The United States and China are even more sceptical. China shares Moscow’s reluctance to see its stature diminished, but this is all the more true since it now sees itself, quite justifiably, as having no peer in the world other than the United States, whose economy it is on course to overtake within the next two decades. As for the United States, it is still
the sole superpower, and its isolation in recent years on various issues, notably relating to the Middle East, makes the American administration profoundly wary of giving new powers to countries that may stand in its way. It was striking that Washington’s support of a seat for Germany faded away in the wake of Germany’s vocal opposition to the 2003 Iraq war, and it took years to formally endorse India’s bid, because it was conscious that New Delhi votes more often against Washington in UN forums than with it. (It finally did so in November 2010 during a visit to New Delhi by President Obama that was aimed at sealing a strategic partnership whose credibility would have been undermined by continued reticence on a Security Council seat for New Delhi. But there has been no indication whatsoever of the United States proceeding to ‘action’ its commitment by instructing its ambassadors, for instance, to lobby for a permanent seat for India or even for a swift resolution of the impasse over Council expansion.) In addition, the United States likes a Council it can dominate; Washington is conscious that a larger body would be more unwieldy, and a bigger collection of permanent members more difficult to manage, than the present Council. ‘If it ain’t broke, don’t fix it,’ American diplomats like to say.

But for much of the rest of the world, the Security Council is indeed ‘broke’, and the more decisions it is called upon to take that affect many countries—authorizing wars, declaring sanctions, launching peacekeeping interventions—the greater is the risk that its decisions will be seen as made by an unrepresentative body and therefore rejected as illegitimate. The United Nations is the one universal body we all have, the one organization to which every country in the world belongs; if it is discredited, the world as a whole will lose an institution that is truly irreplaceable.

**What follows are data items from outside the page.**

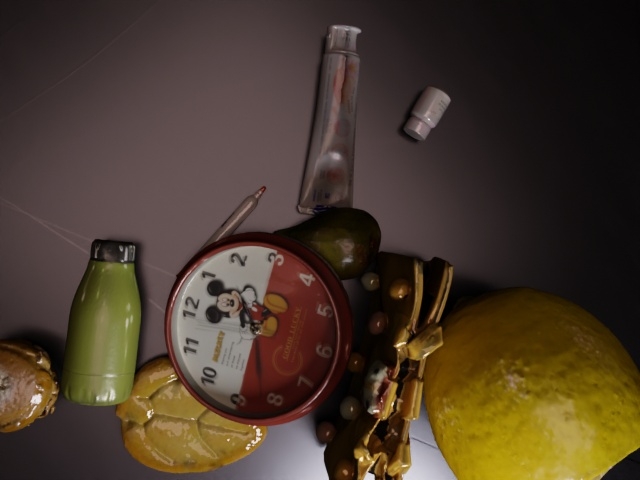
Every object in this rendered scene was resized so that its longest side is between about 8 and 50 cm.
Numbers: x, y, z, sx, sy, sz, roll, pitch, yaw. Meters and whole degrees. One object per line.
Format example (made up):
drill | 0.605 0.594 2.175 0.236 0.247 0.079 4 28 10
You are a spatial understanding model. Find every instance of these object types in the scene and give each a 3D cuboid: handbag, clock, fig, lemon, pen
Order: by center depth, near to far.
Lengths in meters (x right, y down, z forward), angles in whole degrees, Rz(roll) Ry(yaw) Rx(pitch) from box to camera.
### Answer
handbag | 0.104 0.210 1.029 0.133 0.283 0.400 16 91 -5
lemon | 0.321 0.233 1.038 0.365 0.364 0.363 0 92 -8
clock | -0.103 0.143 1.053 0.319 0.080 0.318 0 92 12
fig | 0.011 0.012 1.111 0.126 0.185 0.132 51 43 -31
pen | -0.168 -0.012 1.113 0.026 0.026 0.218 42 86 -7

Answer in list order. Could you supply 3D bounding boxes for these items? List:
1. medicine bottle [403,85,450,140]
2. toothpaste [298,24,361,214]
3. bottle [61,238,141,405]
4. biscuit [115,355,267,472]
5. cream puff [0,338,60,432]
medicine bottle | 0.188 -0.225 1.144 0.052 0.052 0.089 31 87 -8
toothpaste | 0.025 -0.203 1.119 0.100 0.066 0.323 5 96 -13
bottle | -0.350 0.129 1.049 0.112 0.112 0.260 6 89 -8
biscuit | -0.219 0.304 1.106 0.260 0.041 0.202 14 88 -4
cream puff | -0.498 0.231 1.029 0.165 0.115 0.150 25 81 1
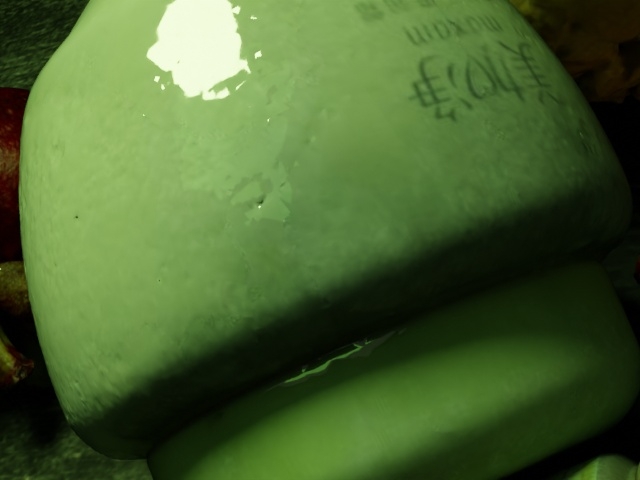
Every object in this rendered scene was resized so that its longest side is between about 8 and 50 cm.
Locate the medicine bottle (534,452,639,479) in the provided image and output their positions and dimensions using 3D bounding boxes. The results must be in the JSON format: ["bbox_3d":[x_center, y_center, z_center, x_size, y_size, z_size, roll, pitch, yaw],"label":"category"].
[{"bbox_3d":[0.062,0.217,0.790,0.322,0.151,0.151,-25,40,20],"label":"medicine bottle"}]

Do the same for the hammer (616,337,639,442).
[{"bbox_3d":[0.144,0.028,0.995,0.137,0.037,0.290,-49,38,7],"label":"hammer"}]

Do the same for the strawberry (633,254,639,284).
[{"bbox_3d":[0.280,-0.050,0.943,0.208,0.087,0.167,-53,10,30],"label":"strawberry"}]

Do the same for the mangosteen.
[{"bbox_3d":[-0.252,0.008,1.239,0.215,0.215,0.257,-24,64,21],"label":"mangosteen"}]

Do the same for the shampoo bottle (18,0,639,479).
[{"bbox_3d":[0.000,0.000,0.864,0.322,0.322,0.317,-28,77,16],"label":"shampoo bottle"}]

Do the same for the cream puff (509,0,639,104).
[{"bbox_3d":[0.213,-0.225,1.025,0.327,0.231,0.343,-25,35,46],"label":"cream puff"}]

But that could happen. And my worry, as an old UN hand, is that if Security Council reform drags on indefinitely and inconclusively key countries could begin to look for an alternative. Five years ago, as a candidate for Secretary-General, I asked in a speech: ‘What if the G8, which is not bound by any Charter and writes its own rules, decided one day to expand its membership to embrace, say, China, India, Brazil and South Africa?’ That is precisely what has happened since, with the establishment of the G20, albeit as the premier global macroeconomic
forum, rather than the peace and security institution that the Security Council is. Nonetheless, China aside, the other countries could well say, ‘Well, we’re now on the high table at last—why not focus our energies on this body and ignore the one which refuses to seat us?’ The result could be a UN dramatically diminished by the decision of some of its most important members to ignore or neglect it, while the G20 could well arrogate political responsibilities to itself, unrestricted by any constraint other than its own self-restraint. If that were to occur, the loss will be that of the rest of the world, which at least today has a universal organization to hold it together under the rules of international law—which is vastly preferable to a ‘
directoire
’ of self-appointed oligarchs that a politically empowered G20 could become. So those small and medium-sized countries that are throwing up petty obstacles to reform are being rather short-sighted, not only because they fail to address the fundamental problem that I described as the ‘diagnosis’, but because their opposition, if it succeeds, could potentially undermine the very institution that many of these countries, now in the forefront of opposition to reform, have long seen as a bulwark for their own security and safety in an unequal world.